Christianity is growing significantly in Myanmar and people are seeking truth through the Bible.

But there are many people who can’t afford to buy a Bible or don’t know how to get hold of a copy.

With a quarter of the population living below the poverty line, the goal is to distribute Bibles at a price people can afford.

We want to help the Myanmar Bible Society supply Scriptures to Christians in the three languages of: Myanmar (nationwide), Sgaw Karen (in the south) and Jinghpaw (in the north).
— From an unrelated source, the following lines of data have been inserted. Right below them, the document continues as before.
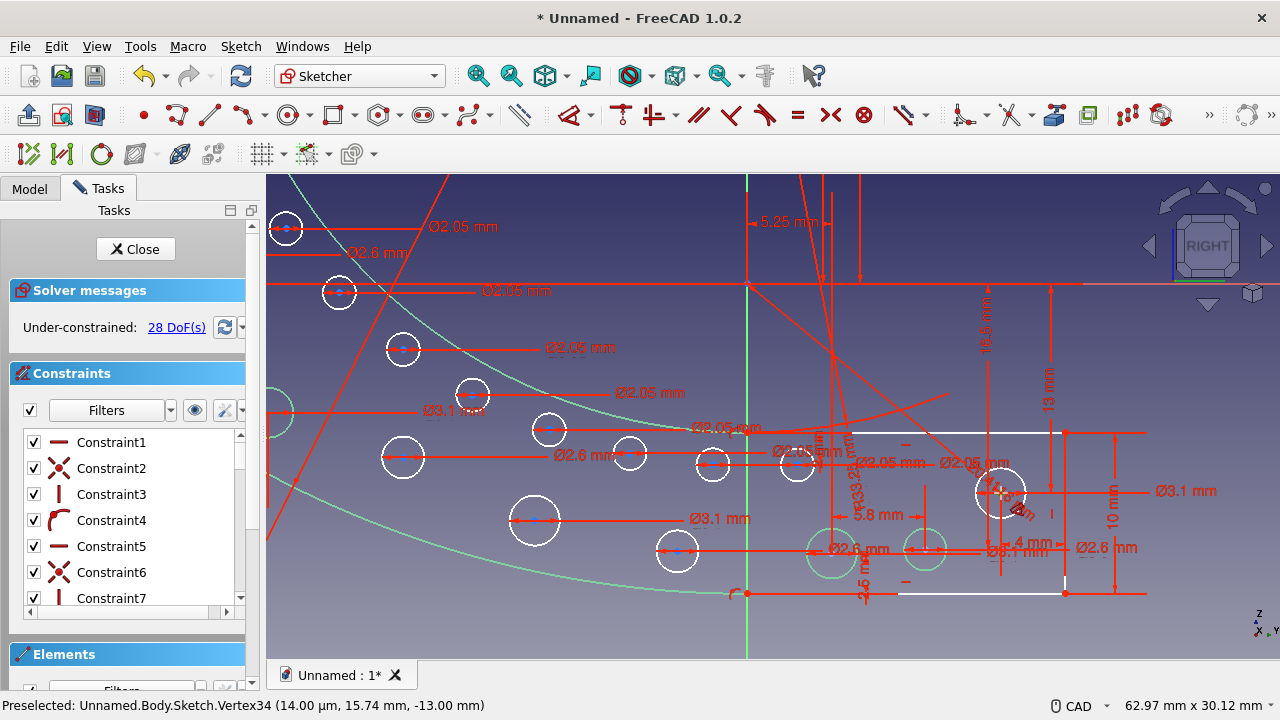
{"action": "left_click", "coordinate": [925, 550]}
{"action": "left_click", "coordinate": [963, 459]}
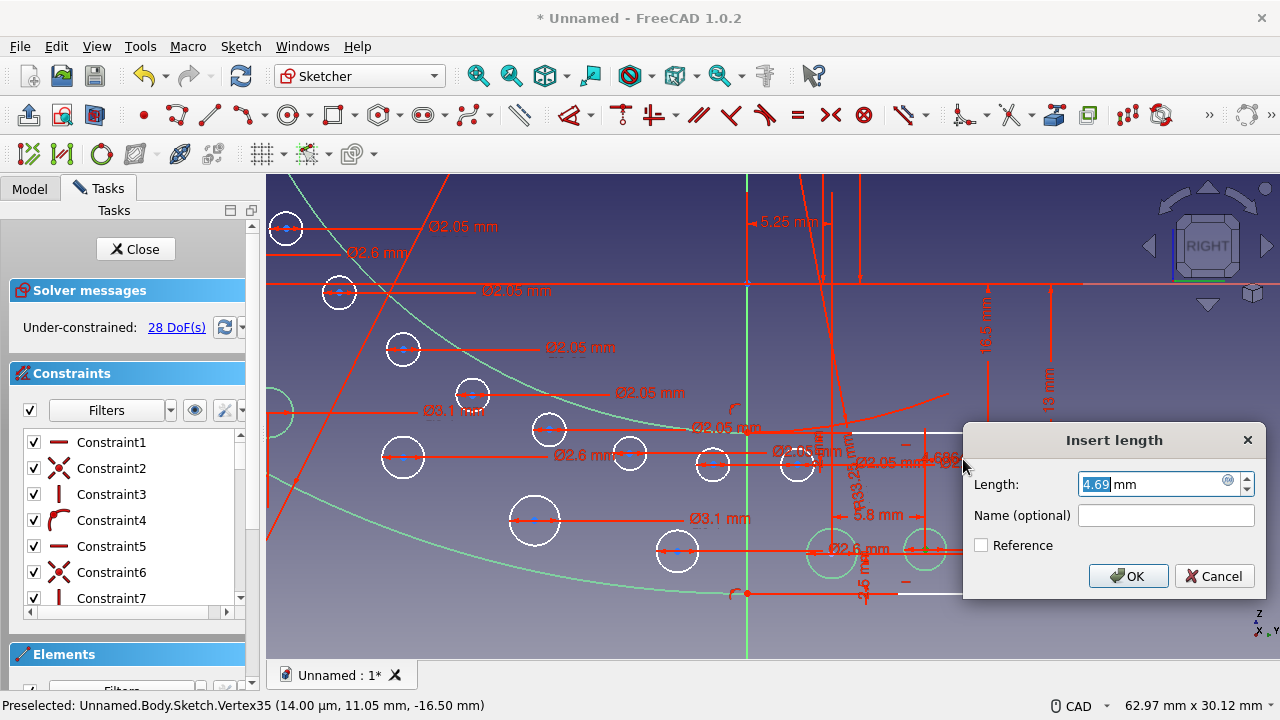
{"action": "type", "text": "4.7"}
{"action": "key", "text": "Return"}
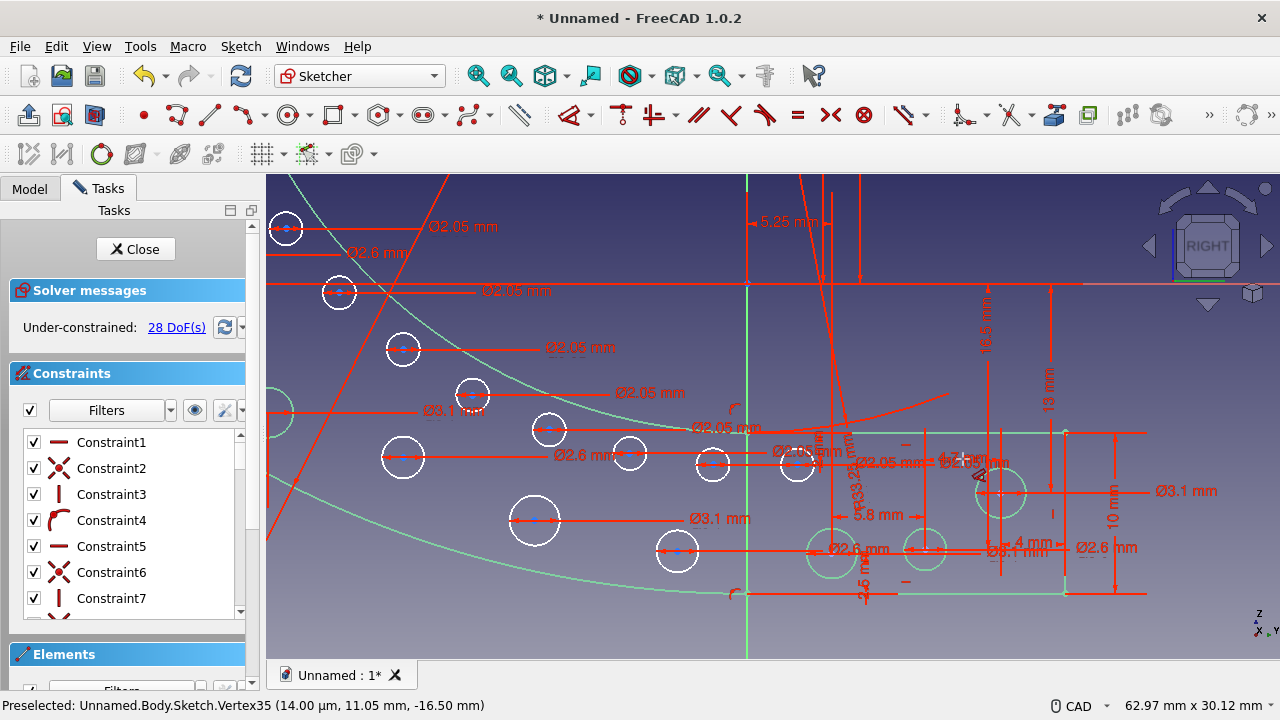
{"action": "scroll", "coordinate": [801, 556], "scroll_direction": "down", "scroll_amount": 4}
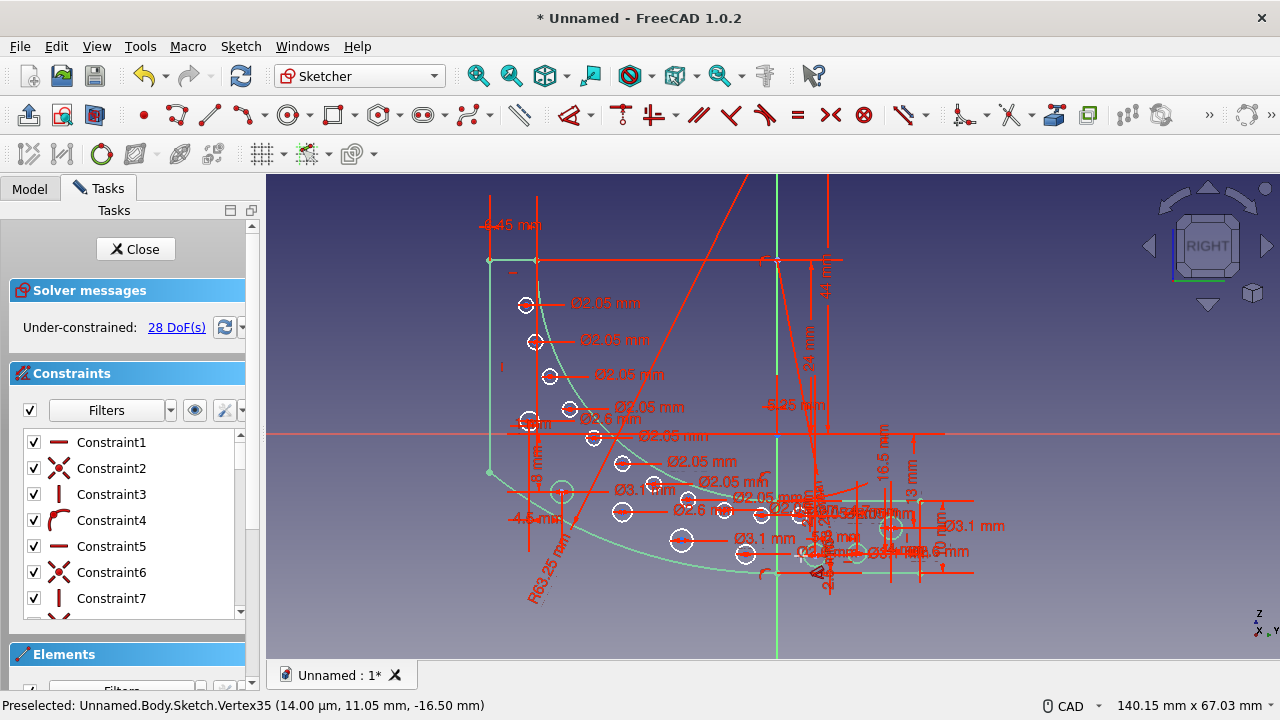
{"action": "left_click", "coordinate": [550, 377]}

“We want to provide both ethnic majority and ethnic minority people with Scriptures in national and ethnic languages which they can read and understand clearly, to help them grow in the knowledge of God,” said Khoi Lam, Myanmar Bible Society CEO.

Myanmar Bible

Myanmar is the official language of Myanmar and is widely spoken even by ethnic minorities. The literacy rate across the country is high at 95% and demand for this Bible is huge.

Sgaw Karen Bible

Karen (Kayin) is the largest majority group in Myanmar, numbering about 7,000,000 (the number of Christians is about 500,000). Many Karen are living in the mountains and Thai border area. They are in need of the Bible.

Jinghpaw Bible

Kachin is the name commonly used by outsiders for the 600,000 tribal people calling themselves Jinghpaw. They also form one of the 56 ethnic groups officially recognised by China, where they numbered 132,143 people in the 2000 census. Jingpaw is spoken by 425,000 people in Myanmar and by 40,000 people in China. Due to political unrest in the region, thousands of Jinghpaw are internally displaced. Most of them are Christians.

Country facts

The population of Myanmar is 52 million of which 89.3 % are Buddhist, with Christians making up less than 6%. The government recognises 135 different ethnic groups and it’s estimated there are about 200 spoken languages. Myanmar (Burmese) is the official language and is spoken by about 68% of the population as their first language.